Taking a Deep Dive into Cloud Data Lake Performance: Making Sure Your Gold is Counted
By Anand Kumar • Nov 15, 2021
Data analytics and data science are the buzzwords of the moment for life sciences organizations, and for good reason.
As use of both structured and poly-structured data has grown, so has the potential to transform development of drug, therapeutics, diagnostics and devices.
However, for the majority of companies, the potential to leverage Big Data for milestone discoveries has been elusive, in large part due to issues within their cloud data lakes.
By better understanding the opportunities and challenges that data lakes present, life science leaders can more effectively approach data lake management to keep their data lakes from becoming data swamps.
Data Lakes: The New Gold
Cloud data lakes offer enormous amounts of raw data—what I call “the new gold.” Unlike data warehouses, which just store processed data, these cloud data lakes contain raw wealth—data that is just waiting to be utilized.
The problem lies in the ability to process and effectively catalog that data to put it to use. Considering that a 2017 study found that at that time, data scientists were already spending more than half of their working hours cleaning and preparing data, it’s easy to see why the explosion of the availability of this commodity would put a strain on any organization’s resources.
With today’s data becoming much more disparate, in addition to the larger volume now being ingested due to the cloud’s elastic capabilities, this cleaning and preparing of data has become even more of a burden.
The second challenge leaders in life sciences organizations face in data lake management is how to organize the large volumes of highly diverse data from the multiple sources these lakes represent.
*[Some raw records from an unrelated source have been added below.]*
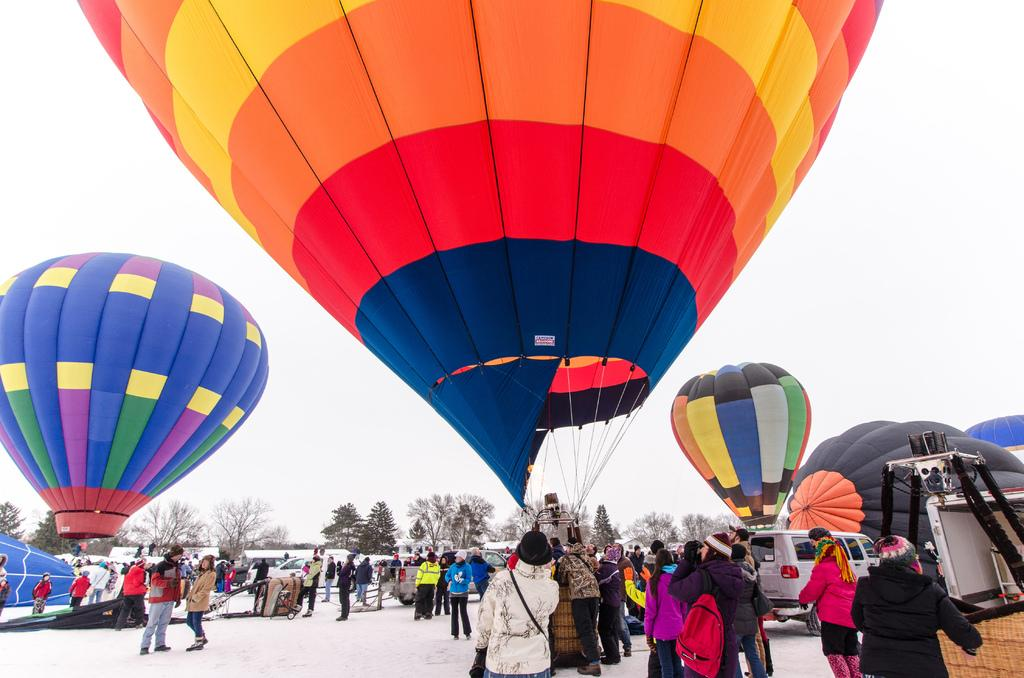What can be seen in the image involving multiple individuals? There are groups of people in the image. What is located in the middle of the image? There are colorful parachutes in the middle of the image. What type of vegetation is visible in the background of the image? There are groups of trees in the background of the image. How many chairs are present in the image? There is no mention of chairs in the image, so it is impossible to determine their number. Are there any chickens visible in the image? There is no mention of chickens in the image, so it is impossible to determine their presence. 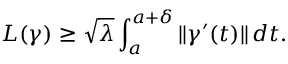<formula> <loc_0><loc_0><loc_500><loc_500>L ( \gamma ) \geq { \sqrt { \lambda } } \int _ { a } ^ { a + \delta } \| \gamma ^ { \prime } ( t ) \| \, d t .</formula> 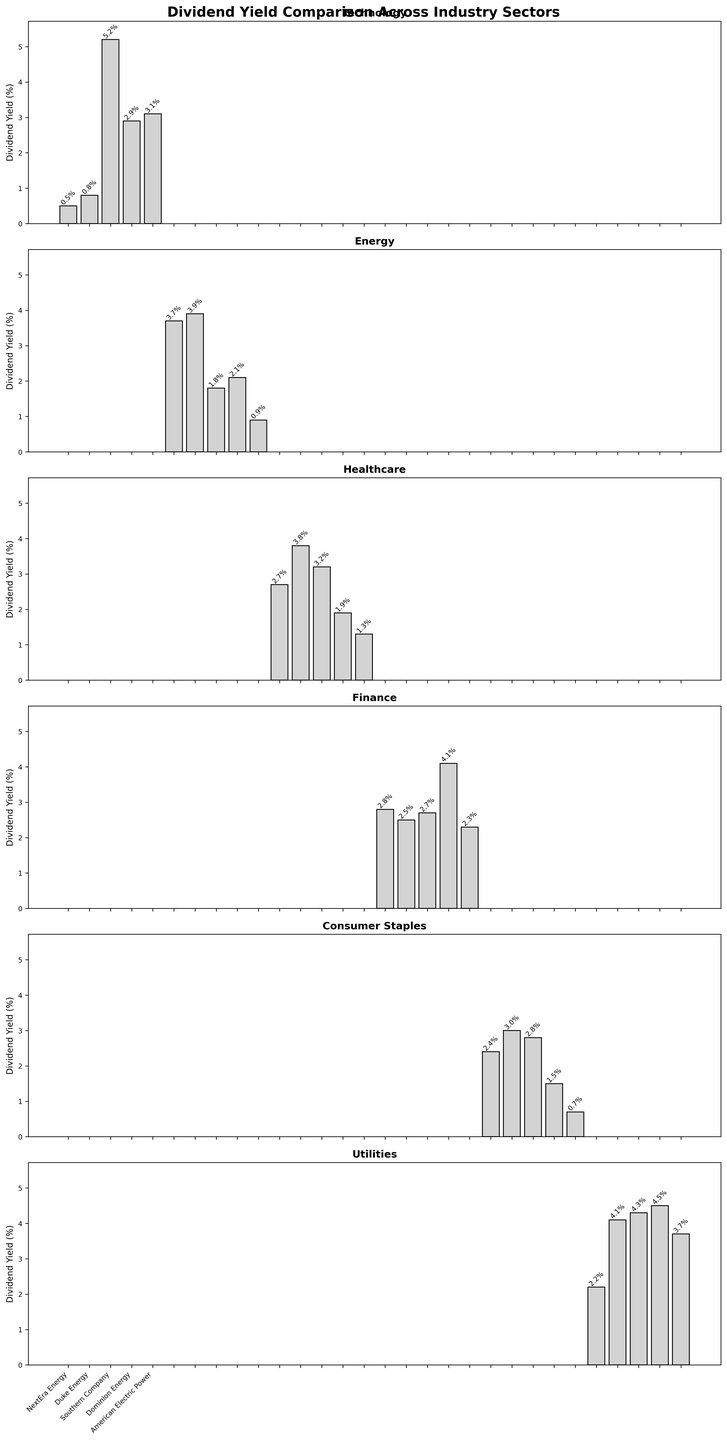Which sector has the highest average dividend yield? To find the sector with the highest average dividend yield, we need to calculate the average for each sector based on the individual yields shown in the figure. For example, we sum up the yields for the Healthcare sector and divide by the number of companies in that sector. After comparing the averages for all sectors, we find that the Utilities sector has the highest average dividend yield.
Answer: Utilities Which company within the Technology sector has the lowest dividend yield? Looking at the Technology sector subplot, the heights of the bars represent the dividend yields of each company. Apple has the lowest bar indicating the lowest dividend yield in this sector.
Answer: Apple Compare the dividend yields between the highest-yielding company in the Energy sector and the highest-yielding company in the Finance sector. Which one is higher? To determine this, we first identify the companies with the highest yields in the Energy and Finance sectors by looking at the tallest bars in their respective subplots. Chevron has the highest yield in the Energy sector (3.9%), while Citigroup has the highest in the Finance sector (4.1%). Comparing the two, Citigroup has the higher yield.
Answer: Citigroup What is the median dividend yield for the Consumer Staples sector? To find the median yield for the Consumer Staples sector, we need to list all the yields in ascending order: (0.7, 1.5, 2.4, 2.8, 3.0). Since there are an odd number of companies (5), the median is the third value in the list, which is 2.8%.
Answer: 2.8% Which sector shows the smallest range in dividend yields? The range is calculated by subtracting the smallest yield from the largest yield within each sector. Evaluating the subplots, the smallest range is in the Healthcare sector (3.8% - 1.3% = 2.5%).
Answer: Healthcare Does the highest dividend yield in the Healthcare sector exceed the lowest dividend yield in the Utilities sector? The highest yield in the Healthcare sector is Pfizer at 3.8%. The lowest yield in the Utilities sector is NextEra Energy at 2.2%. Comparing these values, 3.8% is indeed higher than 2.2%.
Answer: Yes What is the difference between the highest and lowest dividend yields in the Utilities sector? To find the difference, identify the highest and lowest yields in the Utilities sector. The highest is Dominion Energy at 4.5% and the lowest is NextEra Energy at 2.2%. The difference is 4.5% - 2.2% = 2.3%.
Answer: 2.3% How does Pfizer's dividend yield compare to the average dividend yield of the Technology sector? First, compute the average yield for the Technology sector by summing all the yields and dividing by the number of companies: (0.5 + 0.8 + 5.2 + 2.9 + 3.1) / 5 = 2.5%. Pfizer's yield is 3.8%, which is higher than the Technology sector average.
Answer: Higher 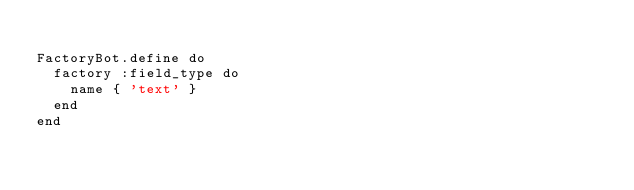Convert code to text. <code><loc_0><loc_0><loc_500><loc_500><_Ruby_>
FactoryBot.define do
  factory :field_type do
    name { 'text' }
  end
end
</code> 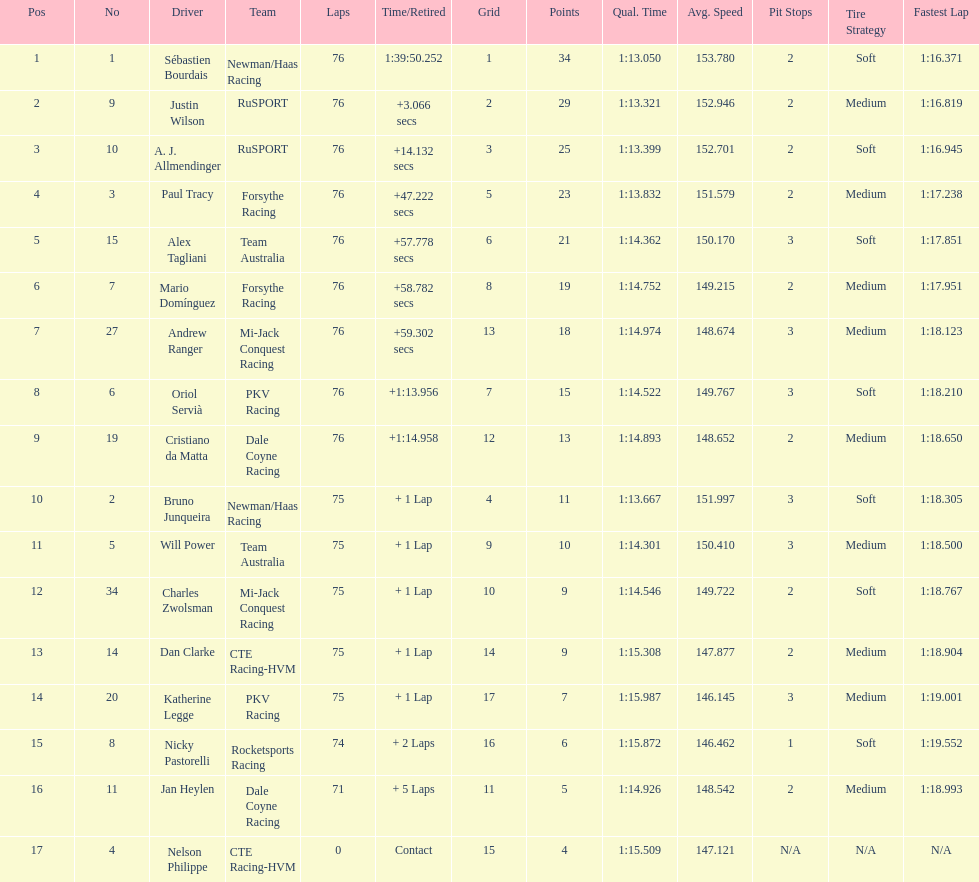Help me parse the entirety of this table. {'header': ['Pos', 'No', 'Driver', 'Team', 'Laps', 'Time/Retired', 'Grid', 'Points', 'Qual. Time', 'Avg. Speed', 'Pit Stops', 'Tire Strategy', 'Fastest Lap'], 'rows': [['1', '1', 'Sébastien Bourdais', 'Newman/Haas Racing', '76', '1:39:50.252', '1', '34', '1:13.050', '153.780', '2', 'Soft', '1:16.371'], ['2', '9', 'Justin Wilson', 'RuSPORT', '76', '+3.066 secs', '2', '29', '1:13.321', '152.946', '2', 'Medium', '1:16.819'], ['3', '10', 'A. J. Allmendinger', 'RuSPORT', '76', '+14.132 secs', '3', '25', '1:13.399', '152.701', '2', 'Soft', '1:16.945'], ['4', '3', 'Paul Tracy', 'Forsythe Racing', '76', '+47.222 secs', '5', '23', '1:13.832', '151.579', '2', 'Medium', '1:17.238'], ['5', '15', 'Alex Tagliani', 'Team Australia', '76', '+57.778 secs', '6', '21', '1:14.362', '150.170', '3', 'Soft', '1:17.851'], ['6', '7', 'Mario Domínguez', 'Forsythe Racing', '76', '+58.782 secs', '8', '19', '1:14.752', '149.215', '2', 'Medium', '1:17.951'], ['7', '27', 'Andrew Ranger', 'Mi-Jack Conquest Racing', '76', '+59.302 secs', '13', '18', '1:14.974', '148.674', '3', 'Medium', '1:18.123'], ['8', '6', 'Oriol Servià', 'PKV Racing', '76', '+1:13.956', '7', '15', '1:14.522', '149.767', '3', 'Soft', '1:18.210'], ['9', '19', 'Cristiano da Matta', 'Dale Coyne Racing', '76', '+1:14.958', '12', '13', '1:14.893', '148.652', '2', 'Medium', '1:18.650'], ['10', '2', 'Bruno Junqueira', 'Newman/Haas Racing', '75', '+ 1 Lap', '4', '11', '1:13.667', '151.997', '3', 'Soft', '1:18.305'], ['11', '5', 'Will Power', 'Team Australia', '75', '+ 1 Lap', '9', '10', '1:14.301', '150.410', '3', 'Medium', '1:18.500'], ['12', '34', 'Charles Zwolsman', 'Mi-Jack Conquest Racing', '75', '+ 1 Lap', '10', '9', '1:14.546', '149.722', '2', 'Soft', '1:18.767'], ['13', '14', 'Dan Clarke', 'CTE Racing-HVM', '75', '+ 1 Lap', '14', '9', '1:15.308', '147.877', '2', 'Medium', '1:18.904'], ['14', '20', 'Katherine Legge', 'PKV Racing', '75', '+ 1 Lap', '17', '7', '1:15.987', '146.145', '3', 'Medium', '1:19.001'], ['15', '8', 'Nicky Pastorelli', 'Rocketsports Racing', '74', '+ 2 Laps', '16', '6', '1:15.872', '146.462', '1', 'Soft', '1:19.552'], ['16', '11', 'Jan Heylen', 'Dale Coyne Racing', '71', '+ 5 Laps', '11', '5', '1:14.926', '148.542', '2', 'Medium', '1:18.993'], ['17', '4', 'Nelson Philippe', 'CTE Racing-HVM', '0', 'Contact', '15', '4', '1:15.509', '147.121', 'N/A', 'N/A', 'N/A']]} Which driver earned the least amount of points. Nelson Philippe. 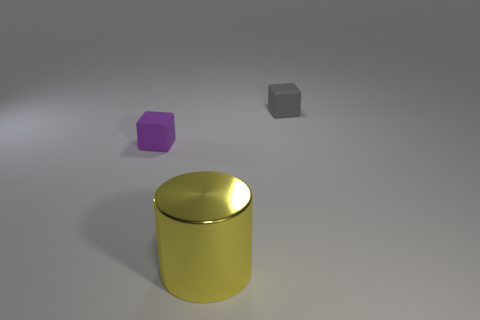What size is the thing that is left of the tiny gray cube and to the right of the purple rubber cube?
Your response must be concise. Large. How many objects are on the left side of the big yellow metal thing?
Offer a terse response. 1. There is a thing that is both in front of the small gray rubber cube and behind the metallic cylinder; what is its shape?
Offer a very short reply. Cube. How many blocks are either yellow metal objects or tiny cyan metallic things?
Provide a short and direct response. 0. Is the number of yellow cylinders on the right side of the small gray matte block less than the number of big cyan rubber cubes?
Offer a terse response. No. What color is the object that is to the right of the tiny purple cube and behind the big metal cylinder?
Ensure brevity in your answer.  Gray. What number of other things are there of the same shape as the yellow shiny object?
Your response must be concise. 0. Are there fewer small cubes behind the purple matte block than large yellow cylinders in front of the yellow object?
Keep it short and to the point. No. Is the gray block made of the same material as the object on the left side of the large metal cylinder?
Provide a short and direct response. Yes. Is there any other thing that has the same material as the large yellow cylinder?
Make the answer very short. No. 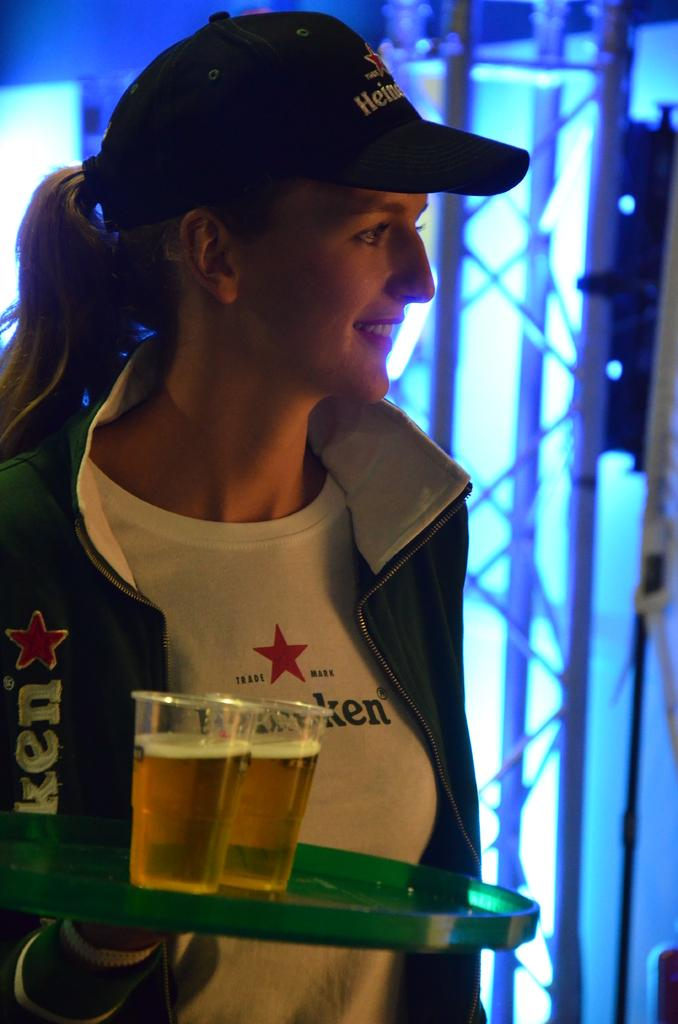Who is the main subject in the image? There is a lady in the image. What is the lady doing in the image? The lady is standing and holding a tray in her hand. What is on the tray that the lady is holding? There are wine glasses on the tray. What can be seen in the background of the image? There are rods and lights in the background of the image. What language is the lady speaking in the image? There is no indication of the language being spoken in the image, as it does not contain any audio. Are there any bushes visible in the image? There is no mention of bushes in the provided facts, and therefore, we cannot determine if they are present in the image.

It is essential that every life sciences organization have a separate cataloged data lake to be able to locate their specific data at the point of need. If you treat data as precious as a vault full of gold, you should have an inventory of that resource so that you know how much you have, where it is, and how to access it when needed.
In the same way, you must know what data you have and where it is stored. Anything less just makes data unsearchable and useless, turning your data lakes into data swamps.
A cataloging of your data lake solves this issue, ensuring that the metadata you ingest is extracted and properly recorded so it can be searchable for later use.
DataEZ: Advancing Big Data to Realize New Opportunities
The good news is this: For organizations able to harness the explosive levels of data now being generated, opportunities abound. From the capability to diagnose serious illness though advanced predictive modeling, the use of AI and ML at an earlier stage (when treatment is far simpler and less expensive) to the ability to scale up research, amazing benefits can be realized for patients, providers and organizations.
That’s why DataEZ from Healthcare Triangle was created -to offer an agile end-to-end solution to managing cloud data lakes and preventing their deterioration into data swamps.
DataEZ’s, software-as-a service(SaaS) platform addresses the immediate and pressing challenges life science leaders face by:
- Curating, cleaning and preparing poly-structured data to reduce the burden of data scientists.
- Self-cataloguing all data and metadata to make data searchable and usable for current and future researchers.
By utilizing DataEZ’s cost-effective solution, life science organizations can start taking control of their cloud data lakes in order to leverage their benefits and count their “gold” within as little as half a day.
Anand Kumar is senior vice president, Healthcare Triangle.